For Further Reading:
The most important background for the didactic portion of this
lesson is from:
John F. Kilner, Life on the Line-Ethics, Aging, Ending Patients'
Lives, and Allocating Vital Resources (Grand Rapids, Michigan: Eerdmans
Publishing Company, 1992). See comments from Chapter Six. Dr. Kilner
offers Christian wisdom to ponder, on some important, controversial
topics.
Paul Ramsey, The Patient as Person-Explorations in Medical Ethics
(New Haven, Connecticut: Yale University Press, 1970). Dr. Ramsey,
an early Christian medical ethicist provides a classic exposition
on some of the important pitfalls of resource allocation in Chapter
Seven of his book, entitled "Choosing How To Choose: Patients
and Sparse Medical Resources."
American Medical Association, Code of Medical Ethics-Current Opinions
with Annotations (Chicago, Illinois: American Medical Association
Press, 1997). Offers two rather succinct statements regarding organized
medicine's official position on rationing in
sections 2.03 and 2.095.
John F. Kilner, Robert D. Orr, and Judith Allen Shelly, eds., The
Changing Face of Health Care (Grand Rapids, Michigan: William B.
Eerdmans Publishing Company, 1998). This book is devoted to analyzing
"managed care, resource allocation and patient-caregiver relationships."

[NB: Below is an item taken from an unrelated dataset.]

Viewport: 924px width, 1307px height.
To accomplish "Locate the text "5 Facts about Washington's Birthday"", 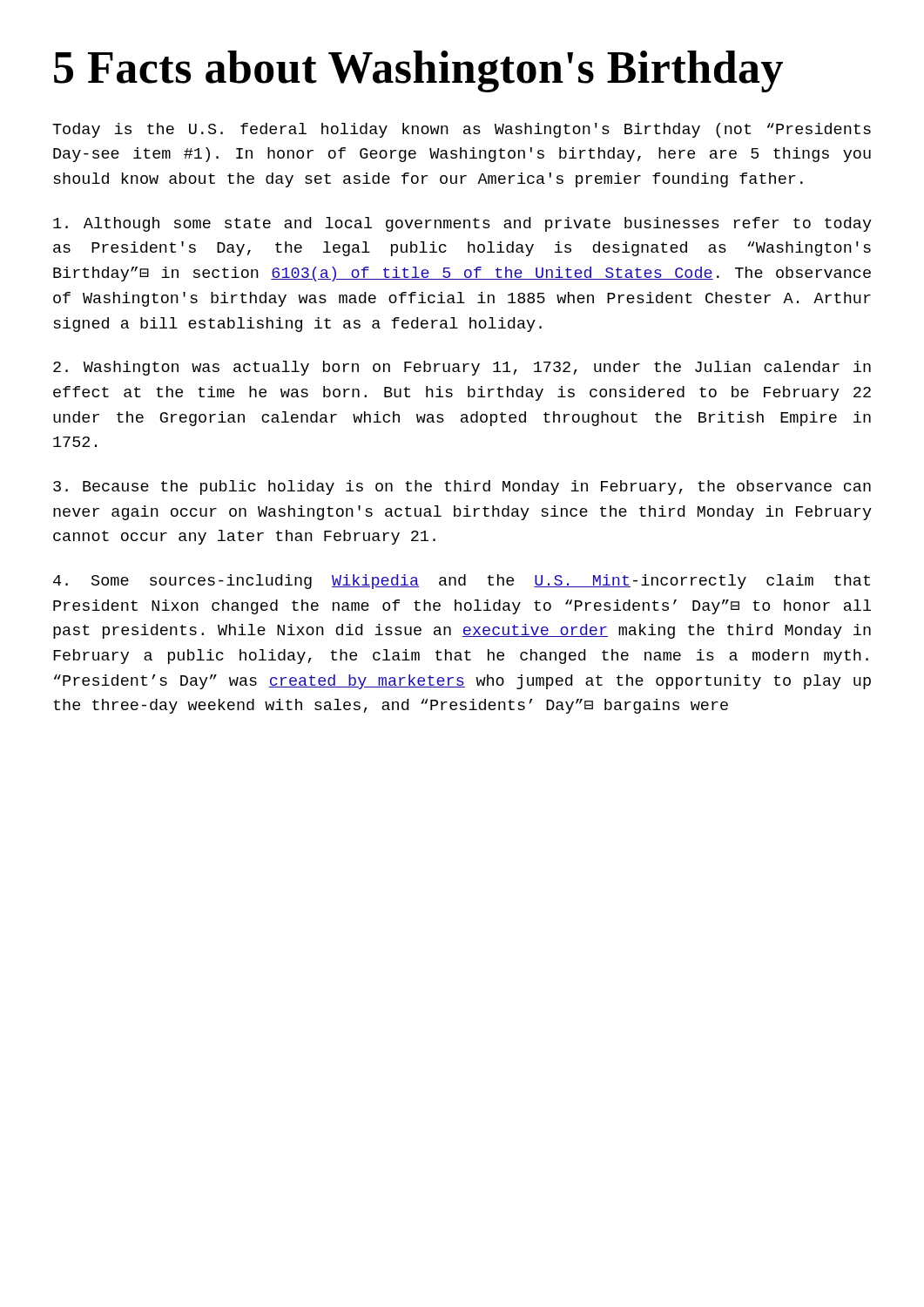I will point(462,68).

Under the broad category of Justice, Thomas L. Beauchamp and James
F. Childress, in Principles of Biomedical Ethics, 4th ed., (New
York, New York: Oxford University Press, 1994), look at the topic
of resource allocation (rationing) from the perspectives of egalitarianism,
communitarianism, libertarianism and utilitarianism.
Judith C. Ahronheim, Jonathan Moreno, and Connie Zuckerman, Ethics
in Clinical Practice (Boston: Little, Brown and Company, 1994).
This is primarily a case book of ethics, but begins with 83 pages
of overview and general principles. Pages 34-39 have a concise overview
of rationing under the heading "Justice: Allocating Resources."